» **Task brief**
In the listing below, print exactly the lines between the line holding "for name, color, linetype" and the line holding "blk = doc.blocks.new('*D11')", inclusive, and no more.

» **Extracted records**
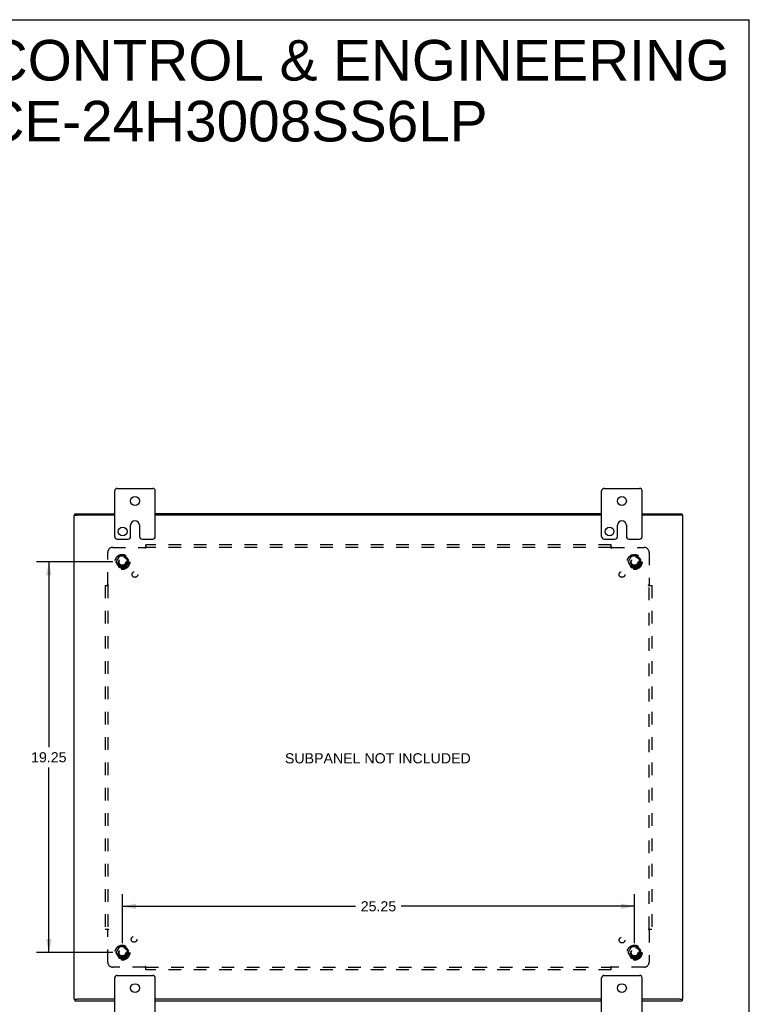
# Model space of a CAD drawing. Header units: inches. Extents: x 0 to 113, y 0 to 73.
# Tile 6 of 6: x 77 to 113, y 25 to 73. Entities that reach past the tile are written whole.
import ezdxf

# ---------------------------------------------------------------- set-up
doc = ezdxf.new("R2010")
doc.units = ezdxf.units.IN
doc.header["$LTSCALE"] = 6.233333
doc.header["$MEASUREMENT"] = 0
doc.linetypes.add('HIDDEN', pattern=[0.2, 0.1, -0.1])
doc.layers.get('0').update_dxf_attribs({"linetype": 'CONTINUOUS'})
for name, color, linetype in [('DEFAULT_2', 8, 'HIDDEN'), ('DIMENSIONS', 7, 'CONTINUOUS'), ('SUBPANEL', 7, 'CONTINUOUS')]:
    doc.layers.add(name, color=color, linetype=linetype)
doc.styles.get("Standard").update_dxf_attribs({"font": 'arial.ttf'})
doc.dimstyles.new('DIMSTYLE_1', dxfattribs={"dimtxt": 0.5, "dimasz": 0.666667, "dimexe": 0.09, "dimexo": 0.07, "dimgap": 0.0375, "dimtad": 0, "dimtih": 1, "dimtoh": 1, "dimzin": 4, "dimdsep": 46, "dimtxsty": 'Standard', "dimblk": '_FILLED', "dimblk1": '_FILLED', "dimblk2": '_FILLED', "dimcen": 0.09, "dimadec": 3, "dimazin": 1, "dimtfac": 1, "dimtdec": 3, "dimtofl": 0, "dimtmove": 0, "dimatfit": 3, "dimldrblk": '_FILLED', "dimfxl": 0, "dimtolj": 1, "dimtzin": 4, "dimarcsym": 0})

# ---------------------------------------------------------------- blocks, each defined once
blk = doc.blocks.new('_FILLED')
at = {"color": 0, "linetype": 'ByBlock'}
blk.add_solid([(0, 0), (-1, 0.2), (-1, -0.2)], dxfattribs=at)
blk = doc.blocks.new('*D10')
at = {"layer": 'DIMENSIONS', "color": 2, "linetype": 'Continuous'}
for p, q in [((81.96, 46.615), (78.202, 46.615)), ((78.802, 46.615), (78.802, 37.49)), ((78.802, 27.365), (78.802, 36.49)), ((81.96, 27.365), (78.202, 27.365))]:
    blk.add_line(p, q, dxfattribs=at)
at = {"layer": 'DIMENSIONS', "color": 2, "linetype": 'Continuous', "xscale": 0.6666666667, "yscale": 0.6666666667, "zscale": 0.6666666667}
for p, rotation in [((78.802, 46.615), 90), ((78.802, 27.365), 270)]:
    blk.add_blockref('_FILLED', p, dxfattribs=dict(at, rotation=rotation))
at = {"layer": 'DIMENSIONS', "color": 2, "linetype": 'Continuous', "insert": (78.802, 37.24), "char_height": 0.5, "width": 1.74721, "attachment_point": 2, "line_spacing_factor": 0.9}
blk.add_mtext('19.25', dxfattribs=at)
blk = doc.blocks.new('*D11')
at = {"layer": 'DIMENSIONS', "color": 2, "linetype": 'Continuous'}
for p, q in [((82.427, 27.832), (82.427, 30.248)), ((107.677, 27.832), (107.677, 30.248)), ((82.427, 29.648), (93.928, 29.648)), ((107.677, 29.648), (96.176, 29.648))]:
    blk.add_line(p, q, dxfattribs=at)
at = {"layer": 'DIMENSIONS', "color": 2, "linetype": 'Continuous', "xscale": 0.6666666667, "yscale": 0.6666666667, "zscale": 0.6666666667, "rotation": 180}
blk.add_blockref('_FILLED', (82.427, 29.648), dxfattribs=at)
at = {"layer": 'DIMENSIONS', "color": 2, "linetype": 'Continuous', "xscale": 0.6666666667, "yscale": 0.6666666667, "zscale": 0.6666666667}
blk.add_blockref('_FILLED', (107.677, 29.648), dxfattribs=at)
at = {"layer": 'DIMENSIONS', "color": 2, "linetype": 'Continuous', "insert": (95.052, 29.898), "char_height": 0.5, "width": 1.74721, "attachment_point": 2, "line_spacing_factor": 0.9}
blk.add_mtext('25.25', dxfattribs=at)

msp = doc.modelspace()

# ---------------------------------------------------------------- linework, layer by layer
at = {"color": 7, "linetype": 'Continuous'}
for p, q in [((0, 73.333), (113.333, 73.333)), ((113.333, 0), (113.333, 73.333)), ((82.052, 47.865), (82.052, 50.115)), ((82.177, 50.24), (83.927, 50.24)), ((84.052, 47.865), (84.052, 50.115)), ((106.052, 47.865), (106.052, 50.115)), ((106.177, 50.24), (107.927, 50.24)), ((108.052, 47.865), (108.052, 50.115)), ((80.052, 48.915), (80.202, 48.915)), ((80.077, 48.915), (80.077, 48.99)), ((110.052, 48.915), (109.902, 48.915)), ((110.027, 48.915), (110.027, 48.99)), ((82.833, 47.865), (82.833, 48.428)), ((83.271, 48.428), (83.271, 47.865)), ((106.833, 47.865), (106.833, 48.428)), ((107.271, 48.428), (107.271, 47.865)), ((82.177, 47.74), (82.708, 47.74)), ((83.396, 47.74), (83.927, 47.74)), ((106.177, 47.74), (106.708, 47.74)), ((107.396, 47.74), (107.927, 47.74)), ((82.177, 26.24), (83.927, 26.24)), ((106.177, 26.24), (107.927, 26.24)), ((82.052, 23.865), (82.052, 26.115)), ((84.052, 23.865), (84.052, 26.115)), ((106.052, 23.865), (106.052, 26.115)), ((108.052, 23.865), (108.052, 26.115)), ((80.052, 25.065), (80.202, 25.065)), ((80.077, 25.065), (80.077, 24.99)), ((109.902, 25.065), (110.052, 25.065)), ((110.027, 25.065), (110.027, 24.99))]:
    msp.add_line(p, q, dxfattribs=at)
at = {"color": 3, "linetype": 'Continuous'}
for p, q in [((80.052, 25.065), (80.052, 48.915)), ((80.077, 48.99), (82.052, 48.99)), ((82.052, 48.915), (80.207, 48.915)), ((106.052, 48.99), (84.052, 48.99)), ((106.052, 48.915), (84.052, 48.915)), ((108.052, 48.99), (110.027, 48.99)), ((109.897, 48.915), (108.052, 48.915)), ((110.052, 25.065), (110.052, 48.915)), ((80.077, 24.99), (82.052, 24.99)), ((82.052, 25.065), (80.207, 25.065)), ((106.052, 25.065), (84.052, 25.065)), ((84.052, 24.99), (106.052, 24.99)), ((109.897, 25.065), (108.052, 25.065)), ((108.052, 24.99), (110.027, 24.99))]:
    msp.add_line(p, q, dxfattribs=at)
at = {"color": 7, "linetype": 'Continuous'}
for centre in [(83.052, 49.615), (107.052, 49.615), (82.443, 48.115), (106.443, 48.115), (83.052, 25.615), (107.052, 25.615)]:
    msp.add_circle(centre, 0.219, dxfattribs=at)
for centre, radius, start, end in [((82.177, 50.115), 0.125, 90, 180), ((83.927, 50.115), 0.125, 0, 90), ((106.177, 50.115), 0.125, 90, 180), ((107.927, 50.115), 0.125, 0, 90), ((83.052, 48.428), 0.219, 0, 180), ((107.052, 48.428), 0.219, 0, 180), ((82.177, 47.865), 0.125, 180, 270), ((82.708, 47.865), 0.125, 270.0001, 360), ((83.396, 47.865), 0.125, 180, 269.9999), ((83.927, 47.865), 0.125, 270, 360), ((106.177, 47.865), 0.125, 180, 270), ((106.708, 47.865), 0.125, 270.0001, 360), ((107.396, 47.865), 0.125, 180, 269.9999), ((107.927, 47.865), 0.125, 270, 360), ((82.177, 26.115), 0.125, 90, 180), ((83.927, 26.115), 0.125, 0, 90), ((106.177, 26.115), 0.125, 90, 180), ((107.927, 26.115), 0.125, 0, 90)]:
    msp.add_arc(centre, radius, start, end, dxfattribs=at)
at = {"layer": 'DEFAULT_2', "color": 8, "linetype": 'HIDDEN'}
for p, q in [((82.264, 46.888), (82.109, 46.62)), ((82.109, 46.61), (82.264, 46.343)), ((82.581, 46.893), (82.272, 46.893)), ((82.744, 46.62), (82.59, 46.888)), ((82.59, 46.343), (82.744, 46.61)), ((107.514, 46.888), (107.359, 46.62)), ((107.359, 46.61), (107.514, 46.343)), ((107.831, 46.893), (107.522, 46.893)), ((107.994, 46.62), (107.84, 46.888)), ((107.84, 46.343), (107.994, 46.61)), ((82.581, 46.338), (82.272, 46.338)), ((107.831, 46.338), (107.522, 46.338)), ((82.264, 27.638), (82.109, 27.37)), ((82.109, 27.36), (82.264, 27.093)), ((82.581, 27.643), (82.272, 27.643)), ((82.744, 27.37), (82.59, 27.638)), ((82.59, 27.093), (82.744, 27.36)), ((107.514, 27.638), (107.359, 27.37)), ((107.359, 27.36), (107.514, 27.093)), ((107.831, 27.643), (107.522, 27.643)), ((107.994, 27.37), (107.84, 27.638)), ((107.84, 27.093), (107.994, 27.36)), ((82.581, 27.088), (82.272, 27.088)), ((107.831, 27.088), (107.522, 27.088))]:
    msp.add_line(p, q, dxfattribs=at)
for centre, radius in [((82.427, 46.615), 0.372), ((82.427, 46.615), 0.356), ((82.427, 46.615), 0.312), ((82.427, 46.615), 0.204), ((82.427, 46.615), 0.188), ((82.427, 46.615), 0.183), ((82.427, 46.615), 0.165), ((107.677, 46.615), 0.372), ((107.677, 46.615), 0.356), ((107.677, 46.615), 0.312), ((107.677, 46.615), 0.204), ((107.677, 46.615), 0.188), ((107.677, 46.615), 0.183), ((107.677, 46.615), 0.165), ((82.427, 27.365), 0.372), ((82.427, 27.365), 0.356), ((82.427, 27.365), 0.312), ((107.677, 27.365), 0.372), ((107.677, 27.365), 0.356), ((107.677, 27.365), 0.312), ((82.427, 27.365), 0.204), ((82.427, 27.365), 0.188), ((82.427, 27.365), 0.183), ((82.427, 27.365), 0.165), ((107.677, 27.365), 0.204), ((107.677, 27.365), 0.188), ((107.677, 27.365), 0.183), ((107.677, 27.365), 0.165)]:
    msp.add_circle(centre, radius, dxfattribs=at)
for centre, start, end in [((82.118, 46.615), 150.0127, 209.9883), ((82.272, 46.883), 90.0124, 149.9892), ((82.581, 46.883), 30.012, 89.9887), ((82.736, 46.615), 330.0127, 29.9883), ((107.368, 46.615), 150.0127, 209.9883), ((107.522, 46.883), 90.0124, 149.9892), ((107.831, 46.883), 30.012, 89.9887), ((107.986, 46.615), 330.0127, 29.9883), ((82.272, 46.348), 210.012, 269.9887), ((82.581, 46.348), 270.0124, 329.9892), ((107.522, 46.348), 210.012, 269.9887), ((107.831, 46.348), 270.0124, 329.9892), ((82.118, 27.365), 150.0127, 209.9883), ((82.272, 27.633), 90.0124, 149.9892), ((82.581, 27.633), 30.012, 89.9887), ((82.736, 27.365), 330.0127, 29.9883), ((107.368, 27.365), 150.0127, 209.9883), ((107.522, 27.633), 90.0124, 149.9892), ((107.831, 27.633), 30.012, 89.9887), ((107.986, 27.365), 330.0127, 29.9883), ((82.272, 27.098), 210.012, 269.9887), ((82.581, 27.098), 270.0124, 329.9892), ((107.522, 27.098), 210.012, 269.9887), ((107.831, 27.098), 270.0124, 329.9892)]:
    msp.add_arc(centre, 0.01, start, end, dxfattribs=at)
at = {"layer": 'SUBPANEL', "color": 8, "linetype": 'HIDDEN'}
for p, q in [((81.708, 45.494), (81.708, 47.084)), ((81.958, 47.334), (83.548, 47.334)), ((83.583, 47.293), (83.583, 47.459)), ((106.521, 47.459), (83.583, 47.459)), ((106.521, 47.334), (83.583, 47.334)), ((106.521, 47.293), (106.521, 47.459)), ((106.556, 47.334), (108.146, 47.334)), ((108.396, 47.084), (108.396, 45.494)), ((81.583, 45.459), (81.583, 28.522)), ((81.583, 45.459), (81.749, 45.459)), ((81.708, 45.459), (81.708, 28.522)), ((108.355, 45.459), (108.521, 45.459)), ((108.396, 28.522), (108.396, 45.459)), ((108.521, 45.459), (108.521, 28.522)), ((81.583, 28.522), (81.749, 28.522)), ((81.708, 26.897), (81.708, 28.486)), ((108.355, 28.522), (108.521, 28.522)), ((108.396, 28.486), (108.396, 26.897)), ((83.583, 26.522), (83.583, 26.687)), ((106.521, 26.522), (106.521, 26.687)), ((83.548, 26.647), (81.958, 26.647)), ((83.583, 26.647), (106.521, 26.647)), ((106.521, 26.522), (83.583, 26.522)), ((108.146, 26.647), (106.556, 26.647))]:
    msp.add_line(p, q, dxfattribs=at)
for points in [[(83.559, 47.346), (83.557, 47.344), (83.556, 47.342), (83.554, 47.341), (83.553, 47.339), (83.551, 47.338), (83.55, 47.336), (83.549, 47.335), (83.548, 47.334)], [(83.558, 47.32), (83.556, 47.322), (83.555, 47.324), (83.554, 47.326), (83.553, 47.328), (83.551, 47.33), (83.55, 47.331), (83.549, 47.333), (83.548, 47.334)], [(83.583, 47.293), (83.582, 47.294), (83.58, 47.294), (83.579, 47.295), (83.578, 47.296), (83.576, 47.297), (83.575, 47.297), (83.574, 47.298), (83.572, 47.3), (83.571, 47.301), (83.57, 47.302), (83.568, 47.304), (83.567, 47.305), (83.566, 47.307), (83.565, 47.308), (83.564, 47.31), (83.562, 47.312), (83.561, 47.314), (83.56, 47.316), (83.558, 47.32)], [(83.566, 47.353), (83.562, 47.349), (83.559, 47.346)], [(83.583, 47.373), (83.582, 47.371), (83.581, 47.369), (83.579, 47.367), (83.578, 47.366), (83.577, 47.364), (83.575, 47.363), (83.574, 47.361), (83.573, 47.36), (83.571, 47.358), (83.57, 47.357), (83.569, 47.355), (83.567, 47.354), (83.566, 47.353)], [(106.521, 47.373), (106.522, 47.371), (106.523, 47.369), (106.525, 47.367), (106.526, 47.366), (106.527, 47.364), (106.528, 47.363), (106.53, 47.361), (106.531, 47.36), (106.532, 47.358), (106.534, 47.357), (106.535, 47.355), (106.536, 47.354), (106.538, 47.353), (106.543, 47.347)], [(106.521, 47.293), (106.522, 47.294), (106.524, 47.294), (106.525, 47.295), (106.526, 47.296), (106.528, 47.297), (106.529, 47.297), (106.53, 47.298), (106.532, 47.3), (106.533, 47.301), (106.534, 47.302), (106.535, 47.304), (106.537, 47.305), (106.538, 47.307), (106.539, 47.308), (106.54, 47.31), (106.541, 47.312), (106.543, 47.314), (106.544, 47.316)], [(106.543, 47.347), (106.545, 47.346), (106.547, 47.344), (106.548, 47.342), (106.55, 47.341), (106.551, 47.339), (106.553, 47.338), (106.554, 47.336), (106.555, 47.335), (106.556, 47.334)], [(106.544, 47.316), (106.546, 47.32), (106.547, 47.322), (106.549, 47.324), (106.55, 47.326), (106.551, 47.328), (106.553, 47.33), (106.554, 47.331), (106.555, 47.333), (106.556, 47.334)], [(81.67, 45.459), (81.671, 45.46), (81.673, 45.462), (81.675, 45.463), (81.676, 45.464), (81.678, 45.466), (81.68, 45.467), (81.681, 45.468), (81.683, 45.469), (81.684, 45.471), (81.685, 45.472), (81.687, 45.473), (81.688, 45.475), (81.689, 45.476), (81.695, 45.482)], [(81.695, 45.482), (81.697, 45.483), (81.698, 45.485), (81.7, 45.486), (81.701, 45.488), (81.703, 45.489), (81.704, 45.491), (81.706, 45.492), (81.707, 45.493), (81.708, 45.494)], [(81.726, 45.482), (81.722, 45.485), (81.72, 45.486), (81.718, 45.487), (81.716, 45.488), (81.714, 45.49), (81.713, 45.491), (81.711, 45.492), (81.71, 45.493), (81.708, 45.494)], [(81.749, 45.459), (81.748, 45.461), (81.748, 45.462), (81.747, 45.463), (81.746, 45.465), (81.746, 45.466), (81.745, 45.467), (81.744, 45.469), (81.743, 45.47), (81.741, 45.471), (81.74, 45.473), (81.739, 45.474), (81.737, 45.475), (81.736, 45.476), (81.734, 45.477), (81.732, 45.479), (81.73, 45.48), (81.728, 45.481), (81.726, 45.482)], [(108.355, 45.459), (108.355, 45.461), (108.356, 45.462), (108.357, 45.463), (108.357, 45.465), (108.358, 45.466), (108.359, 45.467), (108.36, 45.469), (108.361, 45.47), (108.362, 45.471), (108.364, 45.473), (108.365, 45.474), (108.367, 45.475), (108.368, 45.476), (108.37, 45.477), (108.372, 45.479), (108.374, 45.48), (108.375, 45.481), (108.377, 45.482), (108.381, 45.485)], [(108.381, 45.485), (108.384, 45.486), (108.386, 45.487), (108.388, 45.488), (108.389, 45.49), (108.391, 45.491), (108.393, 45.492), (108.394, 45.493), (108.396, 45.494)], [(108.407, 45.483), (108.406, 45.485), (108.404, 45.486), (108.402, 45.488), (108.401, 45.489), (108.399, 45.491), (108.398, 45.492), (108.397, 45.493), (108.396, 45.494)], [(108.414, 45.476), (108.41, 45.48), (108.407, 45.483)], [(108.434, 45.459), (108.432, 45.46), (108.431, 45.462), (108.429, 45.463), (108.427, 45.464), (108.426, 45.466), (108.424, 45.467), (108.423, 45.468), (108.421, 45.469), (108.42, 45.471), (108.418, 45.472), (108.417, 45.473), (108.416, 45.475), (108.414, 45.476)], [(81.67, 28.522), (81.671, 28.52), (81.673, 28.519), (81.675, 28.518), (81.676, 28.516), (81.678, 28.515), (81.68, 28.514), (81.681, 28.512), (81.683, 28.511), (81.684, 28.51), (81.685, 28.508), (81.687, 28.507), (81.688, 28.506), (81.689, 28.505)], [(81.689, 28.505), (81.693, 28.5), (81.697, 28.497)], [(81.697, 28.497), (81.698, 28.496), (81.7, 28.494), (81.701, 28.493), (81.703, 28.491), (81.704, 28.49), (81.706, 28.488), (81.707, 28.487), (81.708, 28.486)], [(81.722, 28.496), (81.72, 28.495), (81.718, 28.494), (81.716, 28.492), (81.714, 28.491), (81.713, 28.49), (81.711, 28.488), (81.71, 28.487), (81.708, 28.486)], [(81.749, 28.522), (81.748, 28.52), (81.748, 28.519), (81.747, 28.517), (81.746, 28.516), (81.746, 28.515), (81.745, 28.513), (81.744, 28.512), (81.743, 28.511), (81.741, 28.509), (81.74, 28.508), (81.739, 28.507), (81.737, 28.506), (81.736, 28.504), (81.734, 28.503), (81.732, 28.502), (81.73, 28.501), (81.728, 28.5), (81.726, 28.498), (81.722, 28.496)], [(108.355, 28.522), (108.355, 28.52), (108.356, 28.519), (108.357, 28.517), (108.357, 28.516), (108.358, 28.515), (108.359, 28.513), (108.36, 28.512), (108.361, 28.511), (108.362, 28.509), (108.364, 28.508), (108.365, 28.507), (108.367, 28.506), (108.368, 28.504), (108.37, 28.503), (108.372, 28.502), (108.374, 28.501), (108.375, 28.5), (108.377, 28.498)], [(108.377, 28.498), (108.381, 28.496), (108.384, 28.495), (108.386, 28.494), (108.388, 28.492), (108.389, 28.491), (108.391, 28.49), (108.393, 28.488), (108.394, 28.487), (108.396, 28.486)], [(108.409, 28.499), (108.407, 28.497), (108.406, 28.496), (108.404, 28.494), (108.402, 28.493), (108.401, 28.491), (108.399, 28.49), (108.398, 28.488), (108.397, 28.487), (108.396, 28.486)], [(108.434, 28.522), (108.432, 28.52), (108.431, 28.519), (108.429, 28.518), (108.427, 28.516), (108.426, 28.515), (108.424, 28.514), (108.423, 28.512), (108.421, 28.511), (108.42, 28.51), (108.418, 28.508), (108.417, 28.507), (108.416, 28.506), (108.414, 28.505), (108.409, 28.499)], [(83.583, 26.687), (83.582, 26.687), (83.58, 26.686), (83.579, 26.686), (83.578, 26.685), (83.576, 26.684), (83.575, 26.683), (83.574, 26.682), (83.572, 26.681), (83.571, 26.68), (83.57, 26.678), (83.568, 26.677), (83.567, 26.676), (83.566, 26.674), (83.565, 26.672), (83.564, 26.671), (83.562, 26.669), (83.561, 26.667), (83.56, 26.665)], [(106.521, 26.687), (106.522, 26.687), (106.524, 26.686), (106.525, 26.686), (106.526, 26.685), (106.528, 26.684), (106.529, 26.683), (106.53, 26.682), (106.532, 26.681), (106.533, 26.68), (106.534, 26.678), (106.535, 26.677), (106.537, 26.676), (106.538, 26.674), (106.539, 26.672), (106.54, 26.671), (106.541, 26.669), (106.543, 26.667), (106.544, 26.665), (106.546, 26.661)], [(83.56, 26.665), (83.558, 26.661), (83.556, 26.659), (83.555, 26.657), (83.554, 26.655), (83.553, 26.653), (83.551, 26.651), (83.55, 26.649), (83.549, 26.648), (83.548, 26.647)], [(83.561, 26.633), (83.559, 26.635), (83.557, 26.637), (83.556, 26.638), (83.554, 26.64), (83.553, 26.641), (83.551, 26.643), (83.55, 26.644), (83.549, 26.645), (83.548, 26.647)], [(83.583, 26.608), (83.582, 26.61), (83.581, 26.611), (83.579, 26.613), (83.578, 26.615), (83.577, 26.616), (83.575, 26.618), (83.574, 26.62), (83.573, 26.621), (83.571, 26.622), (83.57, 26.624), (83.569, 26.625), (83.567, 26.627), (83.566, 26.628), (83.561, 26.633)], [(106.521, 26.608), (106.522, 26.61), (106.523, 26.611), (106.525, 26.613), (106.526, 26.615), (106.527, 26.616), (106.528, 26.618), (106.53, 26.62), (106.531, 26.621), (106.532, 26.622), (106.534, 26.624), (106.535, 26.625), (106.536, 26.627), (106.538, 26.628)], [(106.538, 26.628), (106.542, 26.632), (106.545, 26.635)], [(106.545, 26.635), (106.547, 26.637), (106.548, 26.638), (106.55, 26.64), (106.551, 26.641), (106.553, 26.643), (106.554, 26.644), (106.555, 26.645), (106.556, 26.647)], [(106.546, 26.661), (106.547, 26.659), (106.549, 26.657), (106.55, 26.655), (106.551, 26.653), (106.553, 26.651), (106.554, 26.649), (106.555, 26.648), (106.556, 26.647)]]:
    msp.add_lwpolyline(points, dxfattribs=at)
for centre, radius in [((82.427, 46.615), 0.25), ((107.677, 46.615), 0.25), ((83.046, 45.997), 0.141), ((107.058, 45.997), 0.141), ((83.007, 28.02), 0.141), ((107.058, 27.984), 0.141), ((82.427, 27.365), 0.25), ((107.677, 27.365), 0.25)]:
    msp.add_circle(centre, radius, dxfattribs=at)
for centre, start, end in [((81.958, 47.084), 90, 180), ((108.146, 47.084), 0, 90), ((81.958, 26.897), 180, 270), ((108.146, 26.897), 270, 360)]:
    msp.add_arc(centre, 0.25, start, end, dxfattribs=at)

# ---------------------------------------------------------------- texts
at = {"layer": 'DIMENSIONS', "color": 2, "linetype": 'Continuous', "attachment_point": 2, "line_spacing_factor": 0.9}
for s, insert, char_height, width in [('SAGINAW CONTROL & ENGINEERING\\PSCE-24H3008SS6LP', (87.077, 72.335), 2, 50.51301), ('SUBPANEL NOT INCLUDED', (95.021, 37.19), 0.5, 9.14312)]:
    msp.add_mtext(s, dxfattribs=dict(at, insert=insert, char_height=char_height, width=width))

# ---------------------------------------------------------------- dimensions: what is measured, and where the dimension line sits
at = {"layer": 'DIMENSIONS', "color": 2, "linetype": 'Continuous'}
dim = msp.add_linear_dim(base=(78.802, 27.365), p1=(82.03, 46.615), p2=(82.03, 27.365), angle=270, dimstyle='DIMSTYLE_1', dxfattribs=at)
dim.commit()
dim.dimension.update_dxf_attribs({"geometry": '*D10', "text_midpoint": (78.825, 36.987), "dimtype": 160})
dim = msp.add_linear_dim(base=(107.677, 29.648), p1=(82.427, 27.762), p2=(107.677, 27.762), dimstyle='DIMSTYLE_1', dxfattribs=at)
dim.commit()
dim.dimension.update_dxf_attribs({"geometry": '*D11', "text_midpoint": (95.047, 29.645), "dimtype": 160})

doc.saveas('drawing.dxf')

» **Result of the exercise**
for name, color, linetype in [('DEFAULT_2', 8, 'HIDDEN'), ('DIMENSIONS', 7, 'CONTINUOUS'), ('SUBPANEL', 7, 'CONTINUOUS')]:
    doc.layers.add(name, color=color, linetype=linetype)
doc.styles.get("Standard").update_dxf_attribs({"font": 'arial.ttf'})
doc.dimstyles.new('DIMSTYLE_1', dxfattribs={"dimtxt": 0.5, "dimasz": 0.666667, "dimexe": 0.09, "dimexo": 0.07, "dimgap": 0.0375, "dimtad": 0, "dimtih": 1, "dimtoh": 1, "dimzin": 4, "dimdsep": 46, "dimtxsty": 'Standard', "dimblk": '_FILLED', "dimblk1": '_FILLED', "dimblk2": '_FILLED', "dimcen": 0.09, "dimadec": 3, "dimazin": 1, "dimtfac": 1, "dimtdec": 3, "dimtofl": 0, "dimtmove": 0, "dimatfit": 3, "dimldrblk": '_FILLED', "dimfxl": 0, "dimtolj": 1, "dimtzin": 4, "dimarcsym": 0})

# ---------------------------------------------------------------- blocks, each defined once
blk = doc.blocks.new('_FILLED')
at = {"color": 0, "linetype": 'ByBlock'}
blk.add_solid([(0, 0), (-1, 0.2), (-1, -0.2)], dxfattribs=at)
blk = doc.blocks.new('*D10')
at = {"layer": 'DIMENSIONS', "color": 2, "linetype": 'Continuous'}
for p, q in [((81.96, 46.615), (78.202, 46.615)), ((78.802, 46.615), (78.802, 37.49)), ((78.802, 27.365), (78.802, 36.49)), ((81.96, 27.365), (78.202, 27.365))]:
    blk.add_line(p, q, dxfattribs=at)
at = {"layer": 'DIMENSIONS', "color": 2, "linetype": 'Continuous', "xscale": 0.6666666667, "yscale": 0.6666666667, "zscale": 0.6666666667}
for p, rotation in [((78.802, 46.615), 90), ((78.802, 27.365), 270)]:
    blk.add_blockref('_FILLED', p, dxfattribs=dict(at, rotation=rotation))
at = {"layer": 'DIMENSIONS', "color": 2, "linetype": 'Continuous', "insert": (78.802, 37.24), "char_height": 0.5, "width": 1.74721, "attachment_point": 2, "line_spacing_factor": 0.9}
blk.add_mtext('19.25', dxfattribs=at)
blk = doc.blocks.new('*D11')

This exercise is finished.